Я не пошла, притворилась, что ничего не слышала, стала готовить тебе завтрак; увидела, что керосинка грязная, намочила керосином тряпку и с радостью перепачкалась вся керосином. Но вот опять, как набат, над моей головой:

– Лиза, ну что вы там? Лиза! А то я сейчас встану.

Тебе нельзя вставать – я это хорошо знаю. И я с грязной тряпкой бросаюсь к тебе в спальню и останавливаюсь на пороге.

– Что это у вас? – удивленно спрашиваешь ты.

– Я чищу керосинку, она такая грязная.

– Бросьте ее, ради бога! Здравствуйте, – так тихо и светло сказал ты. – Как прошло дежурство? Ну идите же сюда! Лиза!

– Я сейчас, – говорю я и показываю тебе в свое оправдание черную от сажи и керосина тряпку, – сейчас, – и убегаю на кухню. Там я долго мою руки, они все пахнут керосином. И снова начинаю готовить завтрак и опять слышу:

– Лиза!

Я достаю из буфета скатерть, посуду и переступаю порог твоей комнаты.

– Я не хочу есть! Татьяна Сергеевна меня только что накормила, – обманываешь ты меня. – Сядьте, Лиза, оставьте в покое эти тарелки. Садитесь и расскажите, что вы делали. Я так соскучился!

Я, видно, изменилась в лице, побледнела, стала совсем не живая. Ты понял мое смятение чувств, ты всегда понимал меня лучше меня самой, но это не мешало нам всегда оставаться чужими, потому что для меня ты всегда был непонятным. Я создала себе в твоем образе кумира и поклонялась ему, а ты был просто человеком.

В этот день ты лежал тихо, с закрытыми глазами и просил меня читать вслух.
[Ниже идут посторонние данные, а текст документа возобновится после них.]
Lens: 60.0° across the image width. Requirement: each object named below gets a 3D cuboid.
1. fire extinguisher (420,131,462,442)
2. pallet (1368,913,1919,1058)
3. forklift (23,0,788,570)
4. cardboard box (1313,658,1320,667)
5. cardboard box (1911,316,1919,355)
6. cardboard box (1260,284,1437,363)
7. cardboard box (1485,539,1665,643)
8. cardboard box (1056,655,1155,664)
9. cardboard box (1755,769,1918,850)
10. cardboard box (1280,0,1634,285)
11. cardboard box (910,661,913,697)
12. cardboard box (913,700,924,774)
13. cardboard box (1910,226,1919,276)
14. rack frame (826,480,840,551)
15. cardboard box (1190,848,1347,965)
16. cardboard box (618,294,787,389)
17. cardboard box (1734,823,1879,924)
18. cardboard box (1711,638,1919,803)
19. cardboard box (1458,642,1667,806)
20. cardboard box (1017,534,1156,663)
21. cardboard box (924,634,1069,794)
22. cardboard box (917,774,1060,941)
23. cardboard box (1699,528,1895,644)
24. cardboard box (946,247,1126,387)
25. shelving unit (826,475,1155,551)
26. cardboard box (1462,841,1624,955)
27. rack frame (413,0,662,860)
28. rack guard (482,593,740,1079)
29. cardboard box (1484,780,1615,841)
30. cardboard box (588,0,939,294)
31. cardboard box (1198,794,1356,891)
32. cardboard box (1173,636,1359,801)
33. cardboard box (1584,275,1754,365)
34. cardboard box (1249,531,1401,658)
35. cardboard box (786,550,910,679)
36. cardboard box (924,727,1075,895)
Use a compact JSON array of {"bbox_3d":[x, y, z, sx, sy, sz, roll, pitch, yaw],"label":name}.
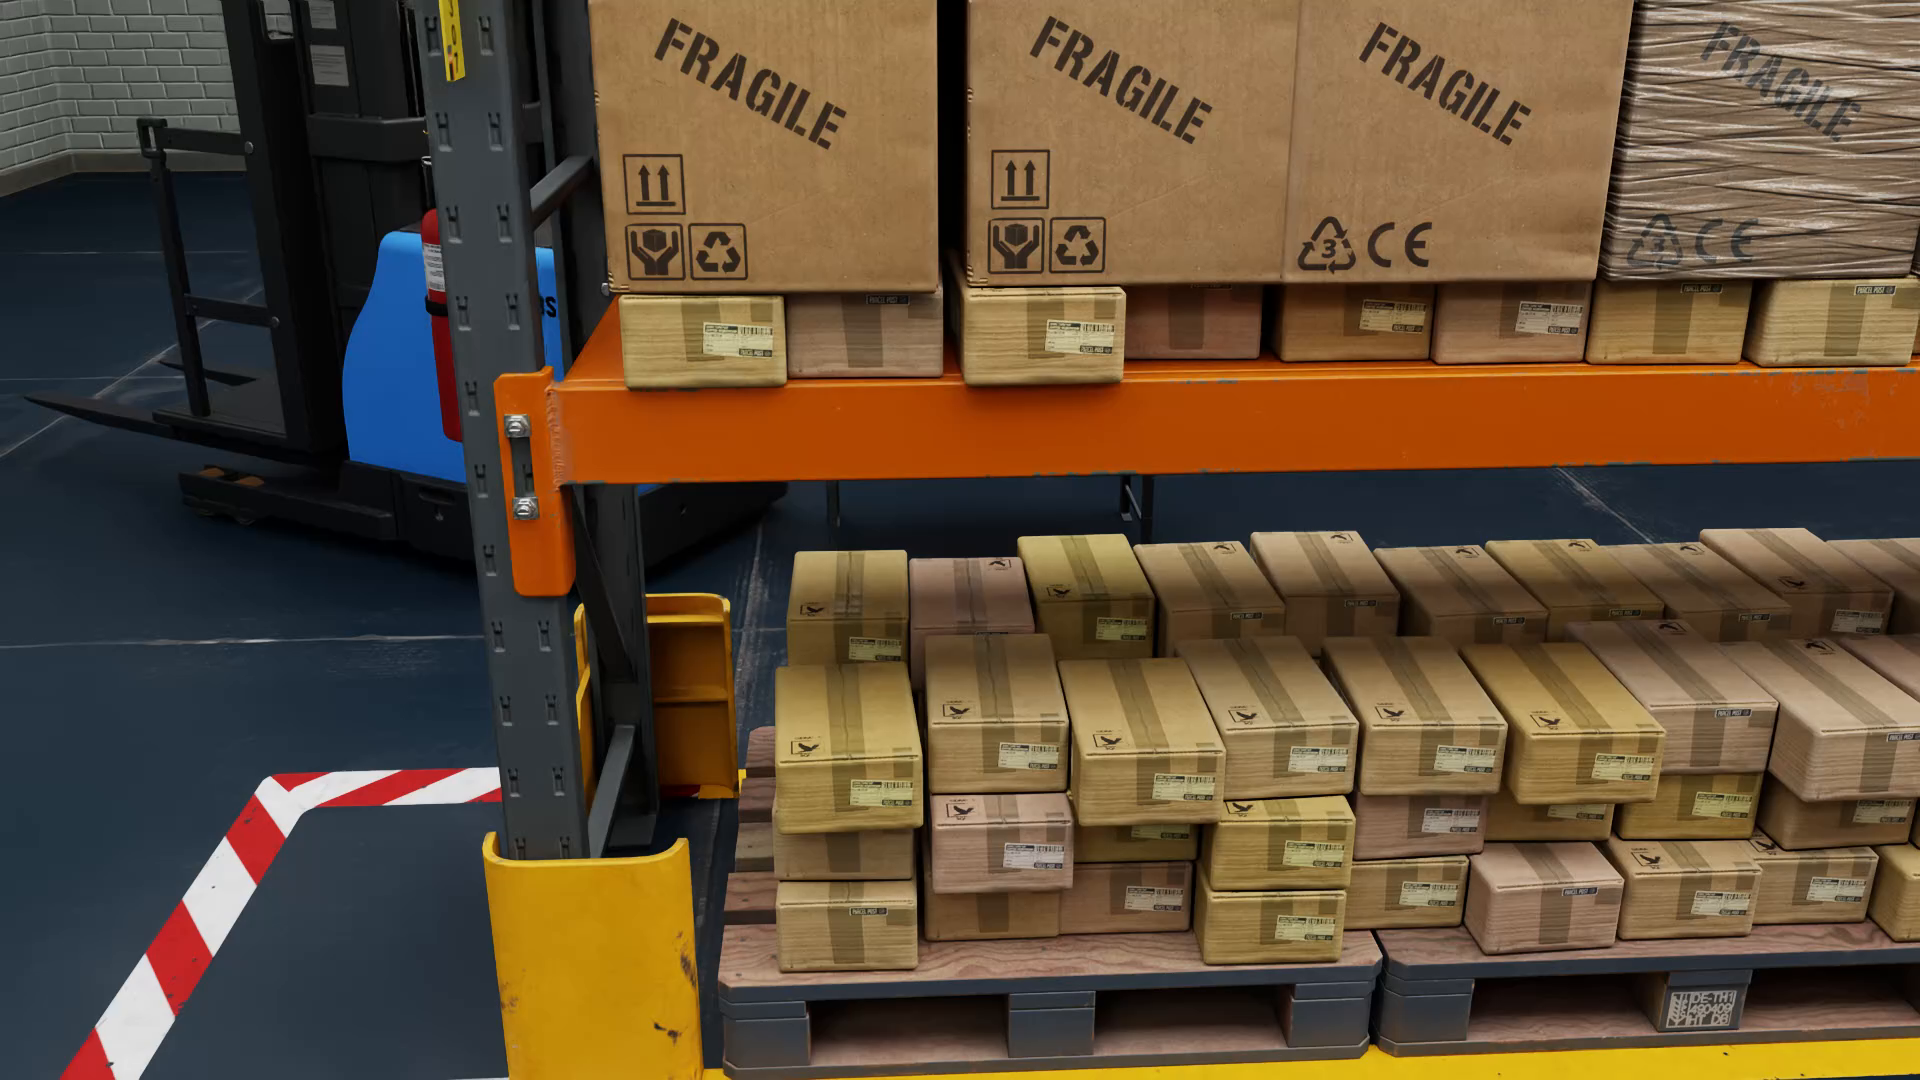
[{"bbox_3d":[-1.027,-0.547,3.474,0.183,0.674,0.296,-1,21,-3],"label":"fire extinguisher"},{"bbox_3d":[1.355,0.676,3.550,1.213,0.211,1.003,-1,21,-3],"label":"pallet"},{"bbox_3d":[-2.152,-1.575,5.637,3.031,2.935,1.130,11,23,26],"label":"forklift"},{"bbox_3d":[0.796,0.260,3.720,0.250,0.149,0.380,-1,21,-2],"label":"cardboard box"},{"bbox_3d":[1.666,-0.446,2.931,0.250,0.149,0.380,-1,21,-4],"label":"cardboard box"},{"bbox_3d":[0.639,-0.428,2.883,0.250,0.149,0.380,-1,21,-4],"label":"cardboard box"},{"bbox_3d":[1.327,0.134,3.633,0.250,0.149,0.380,-1,21,-3],"label":"cardboard box"},{"bbox_3d":[0.280,0.275,3.681,0.250,0.149,0.380,-2,21,-5],"label":"cardboard box"},{"bbox_3d":[1.634,0.439,3.251,0.250,0.149,0.380,-2,21,-6],"label":"cardboard box"},{"bbox_3d":[0.737,-0.721,2.739,0.500,0.500,0.500,-1,21,-2],"label":"cardboard box"},{"bbox_3d":[-0.239,0.286,3.651,0.250,0.149,0.380,-2,21,-5],"label":"cardboard box"},{"bbox_3d":[0.015,0.412,3.741,0.250,0.149,0.380,-1,21,-1],"label":"cardboard box"},{"bbox_3d":[1.762,-0.736,2.779,0.500,0.500,0.500,-1,21,-3],"label":"cardboard box"},{"bbox_3d":[-0.422,-0.692,5.332,0.032,1.500,0.500,-1,21,-3],"label":"rack frame"},{"bbox_3d":[0.558,0.633,3.160,0.250,0.149,0.380,-1,21,-2],"label":"cardboard box"},{"bbox_3d":[-0.407,-0.371,2.733,0.250,0.149,0.380,-1,21,-3],"label":"cardboard box"},{"bbox_3d":[1.574,0.588,3.278,0.250,0.149,0.380,-1,21,-2],"label":"cardboard box"},{"bbox_3d":[1.606,0.331,3.117,0.250,0.149,0.380,-2,21,-5],"label":"cardboard box"},{"bbox_3d":[1.106,0.336,3.104,0.250,0.149,0.380,-1,21,-2],"label":"cardboard box"},{"bbox_3d":[0.270,0.124,3.661,0.250,0.149,0.380,-2,21,-4],"label":"cardboard box"},{"bbox_3d":[0.062,0.321,3.142,0.250,0.149,0.380,-1,21,-2],"label":"cardboard box"},{"bbox_3d":[0.049,0.606,3.229,0.250,0.149,0.380,-1,21,-3],"label":"cardboard box"},{"bbox_3d":[1.842,0.108,3.701,0.250,0.149,0.380,-1,21,-2],"label":"cardboard box"},{"bbox_3d":[0.116,-0.378,2.750,0.250,0.149,0.380,-2,21,-5],"label":"cardboard box"},{"bbox_3d":[0.085,-0.703,5.359,1.048,1.500,0.538,-1,21,-3],"label":"shelving unit"},{"bbox_3d":[1.061,0.619,3.195,0.250,0.149,0.380,-2,21,-6],"label":"cardboard box"},{"bbox_3d":[-0.749,-0.598,2.977,0.127,3.000,1.000,-1,21,-3],"label":"rack frame"},{"bbox_3d":[-0.673,0.568,3.426,0.348,0.500,1.175,-1,21,-3],"label":"rack guard"},{"bbox_3d":[1.095,0.431,3.271,0.250,0.149,0.380,0,21,0],"label":"cardboard box"},{"bbox_3d":[-0.285,-0.695,2.673,0.500,0.500,0.500,0,21,0],"label":"cardboard box"},{"bbox_3d":[0.567,0.491,3.115,0.250,0.149,0.380,-1,21,-1],"label":"cardboard box"},{"bbox_3d":[0.563,0.327,3.126,0.250,0.149,0.380,-2,21,-6],"label":"cardboard box"},{"bbox_3d":[1.147,-0.421,2.864,0.250,0.149,0.380,0,21,-1],"label":"cardboard box"},{"bbox_3d":[0.797,0.116,3.682,0.250,0.149,0.380,0,21,-1],"label":"cardboard box"},{"bbox_3d":[-0.235,0.159,3.569,0.250,0.149,0.380,-1,21,-2],"label":"cardboard box"},{"bbox_3d":[0.065,0.494,3.107,0.250,0.149,0.380,-1,21,-3],"label":"cardboard box"}]
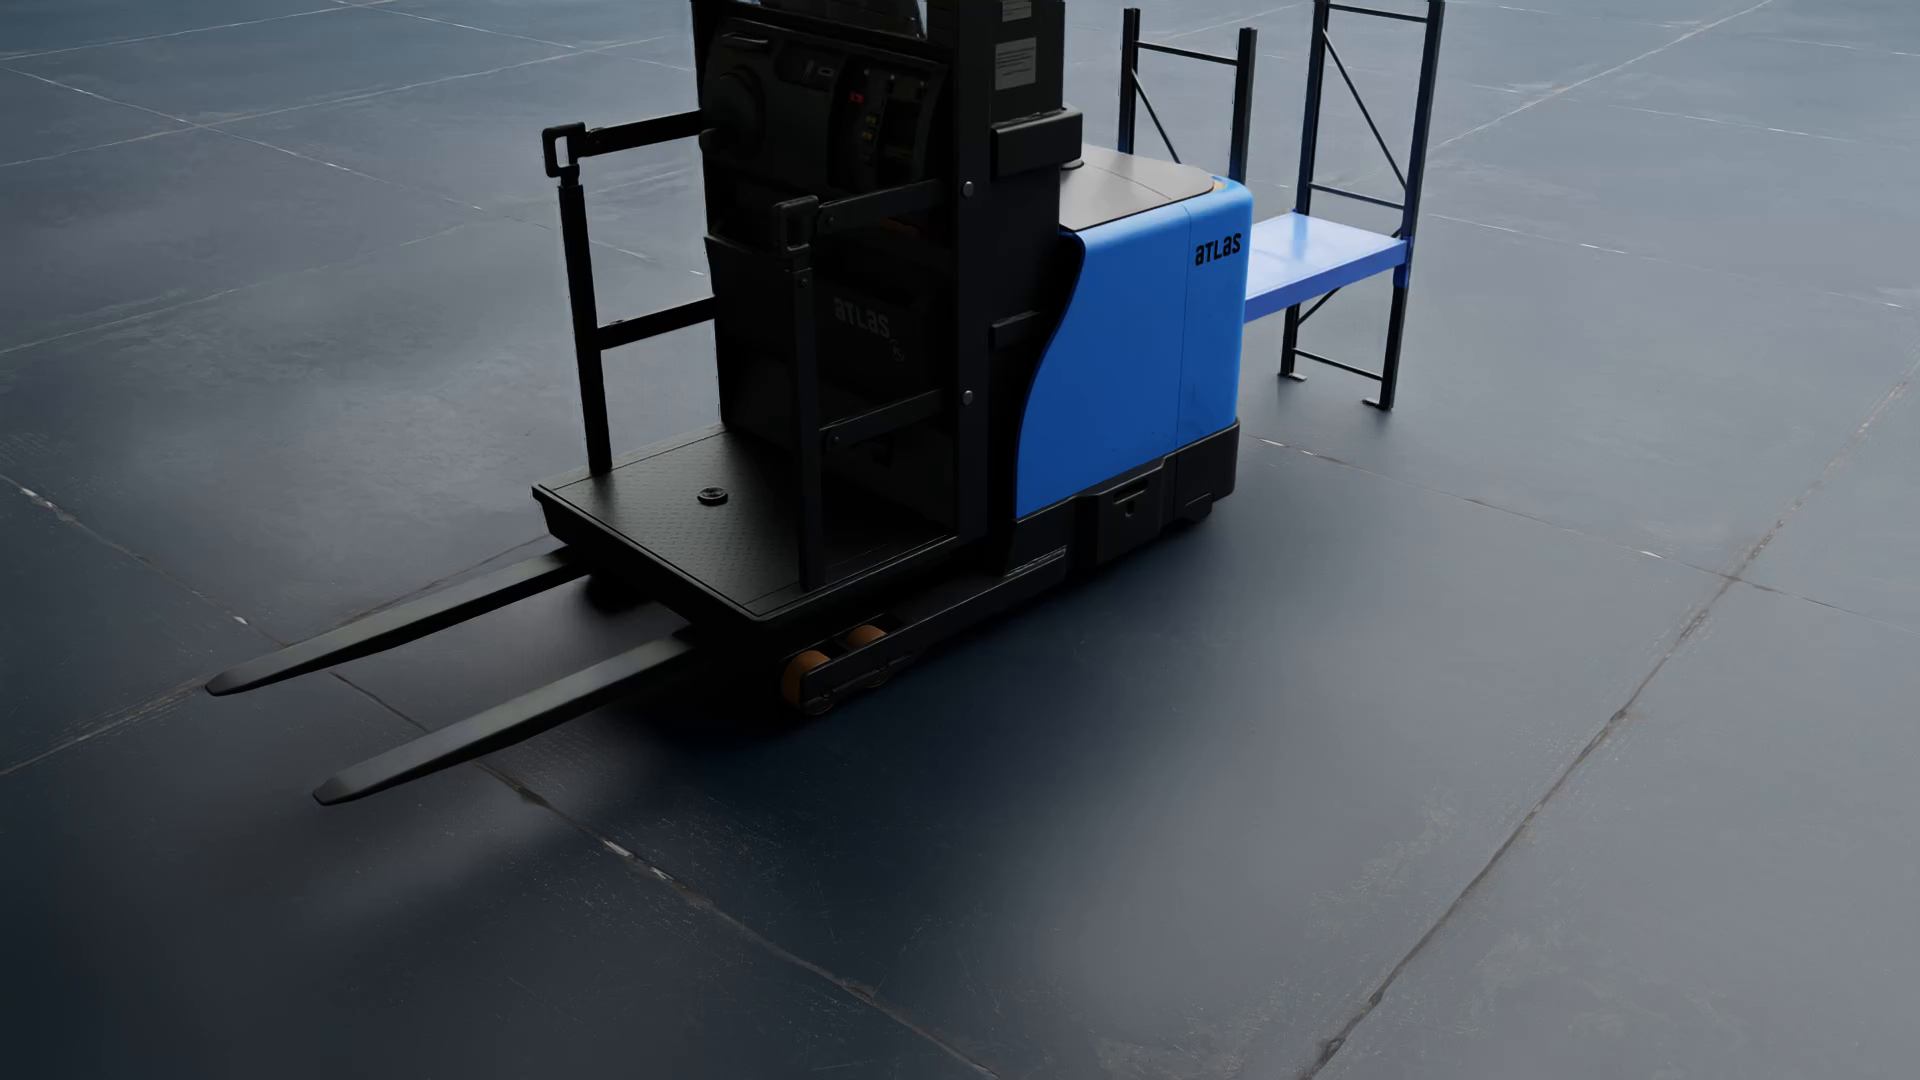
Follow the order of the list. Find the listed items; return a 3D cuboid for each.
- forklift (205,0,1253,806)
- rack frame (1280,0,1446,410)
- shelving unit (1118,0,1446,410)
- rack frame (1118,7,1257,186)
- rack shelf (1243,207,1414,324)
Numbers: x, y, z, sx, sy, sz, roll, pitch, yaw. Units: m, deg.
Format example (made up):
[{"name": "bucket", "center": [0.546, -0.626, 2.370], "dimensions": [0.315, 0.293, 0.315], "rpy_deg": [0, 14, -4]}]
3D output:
[{"name": "forklift", "center": [-0.522, -1.112, 4.209], "dimensions": [3.031, 2.935, 1.130], "rpy_deg": [-23, 35, -38]}, {"name": "rack frame", "center": [1.435, -1.239, 6.012], "dimensions": [0.032, 1.500, 0.500], "rpy_deg": [-23, 35, -38]}, {"name": "shelving unit", "center": [1.064, -1.079, 5.703], "dimensions": [1.048, 1.500, 0.538], "rpy_deg": [-23, 35, -38]}, {"name": "rack frame", "center": [0.694, -0.918, 5.393], "dimensions": [0.032, 1.500, 0.500], "rpy_deg": [-23, 35, -38]}, {"name": "rack shelf", "center": [1.064, -0.919, 5.785], "dimensions": [1.000, 0.185, 0.538], "rpy_deg": [-23, 35, -38]}]
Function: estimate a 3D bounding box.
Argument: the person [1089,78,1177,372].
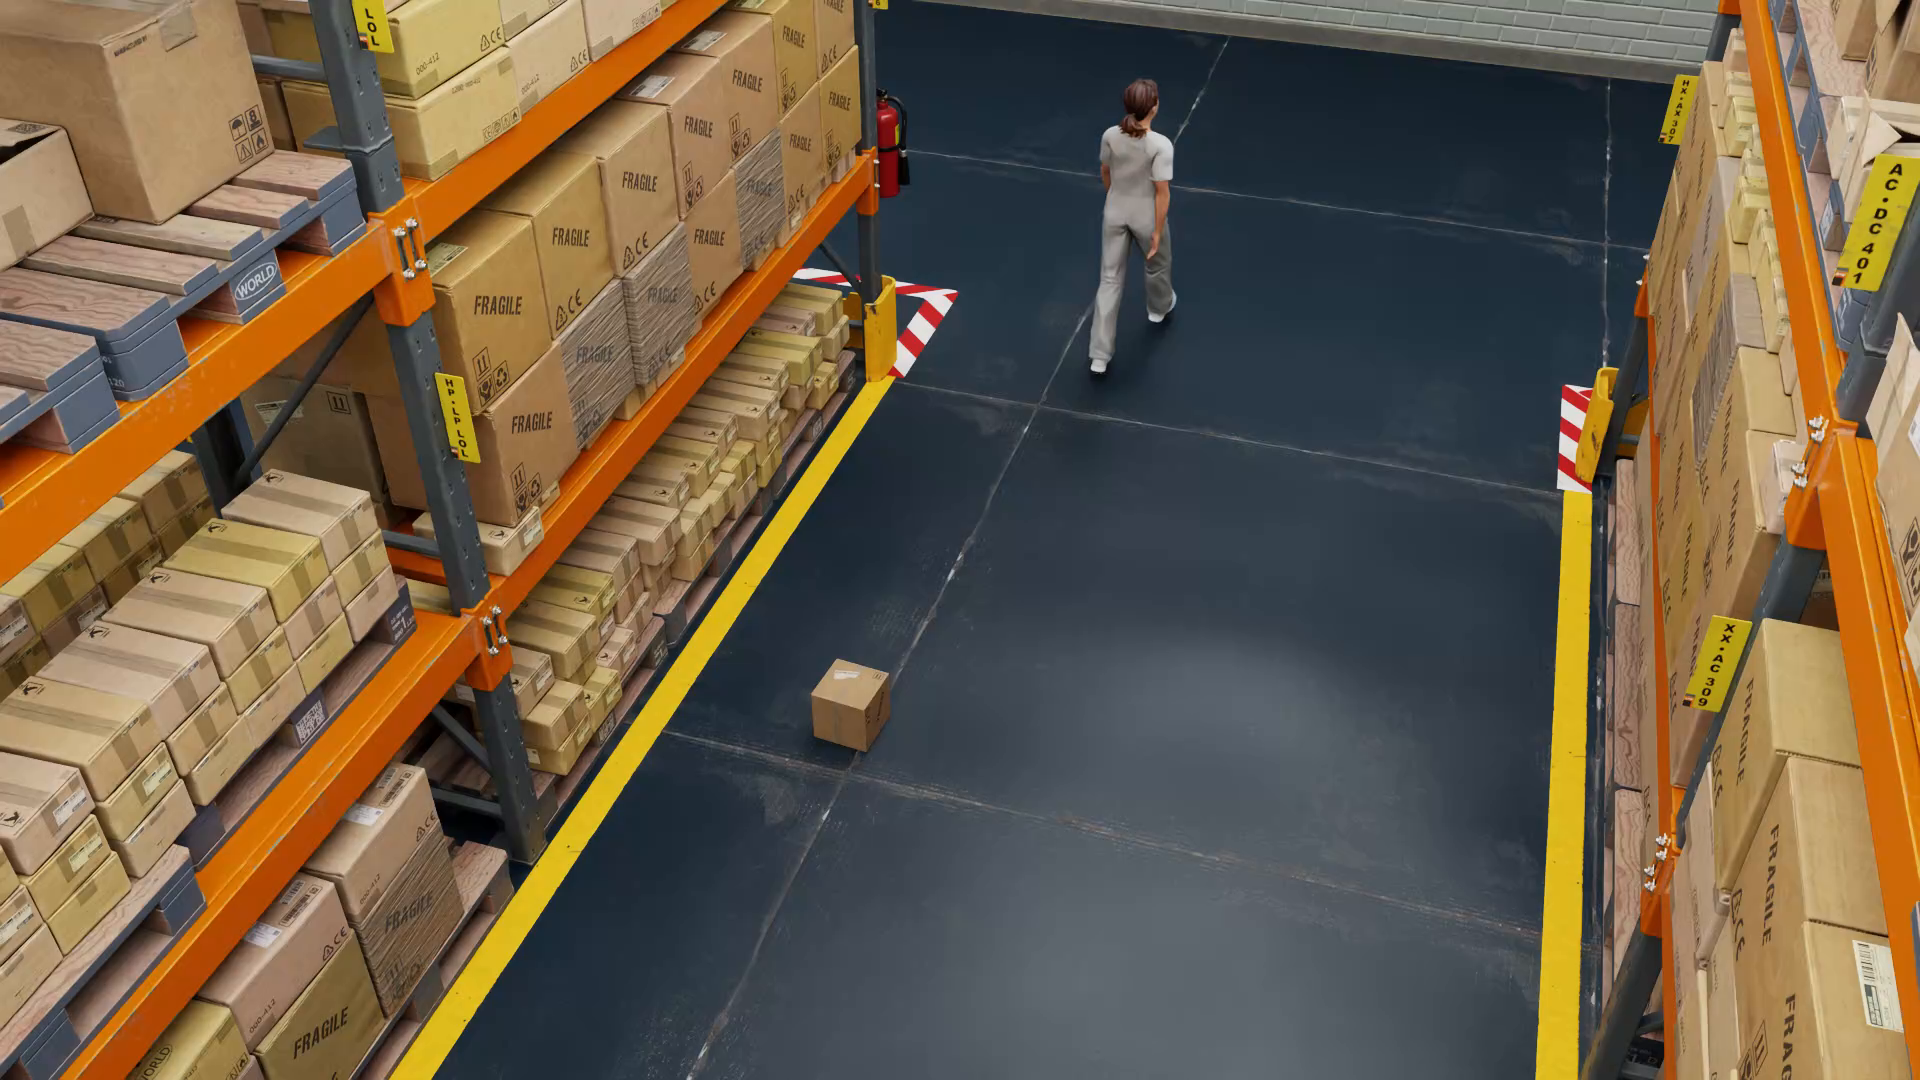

Ты открывал глаза только для того, чтобы взглянуть на часы, и все спрашивал у меня: как я думаю, задержится сегодня Татьяна Сергеевна на работе или нет? Казалось, что проще – больной муж ждет жену, а я обиделась, и ты это заметил.

– Лиза, вы ошибаетесь, – вдруг совершенно неожиданно для меня сказал ты. – Я не Татьяну Сергеевну жду, просто я хочу знать, сколько еще часов мы пробудем вдвоем.

От этих твоих слов я совсем заблудилась в самой себе. А ты, как ни в чем не бывало, опершись на локоть, стал рассказывать, как когда-то мальчишкой лазал разорять гнезда…

И опять я гнала от себя все мысли и зубрила анатомию у мамы, а ночью дежурила в своей палате. Ах, моя палата, мои дорогие дети – так я, девчонка, называла своих раненых, искренне чувствуя себя их матерью, ведь у нас, женщин, с детства живет инстинкт материнства. Даже Татьяна Сергеевна ничего не заметила, а мои раненые почувствовали.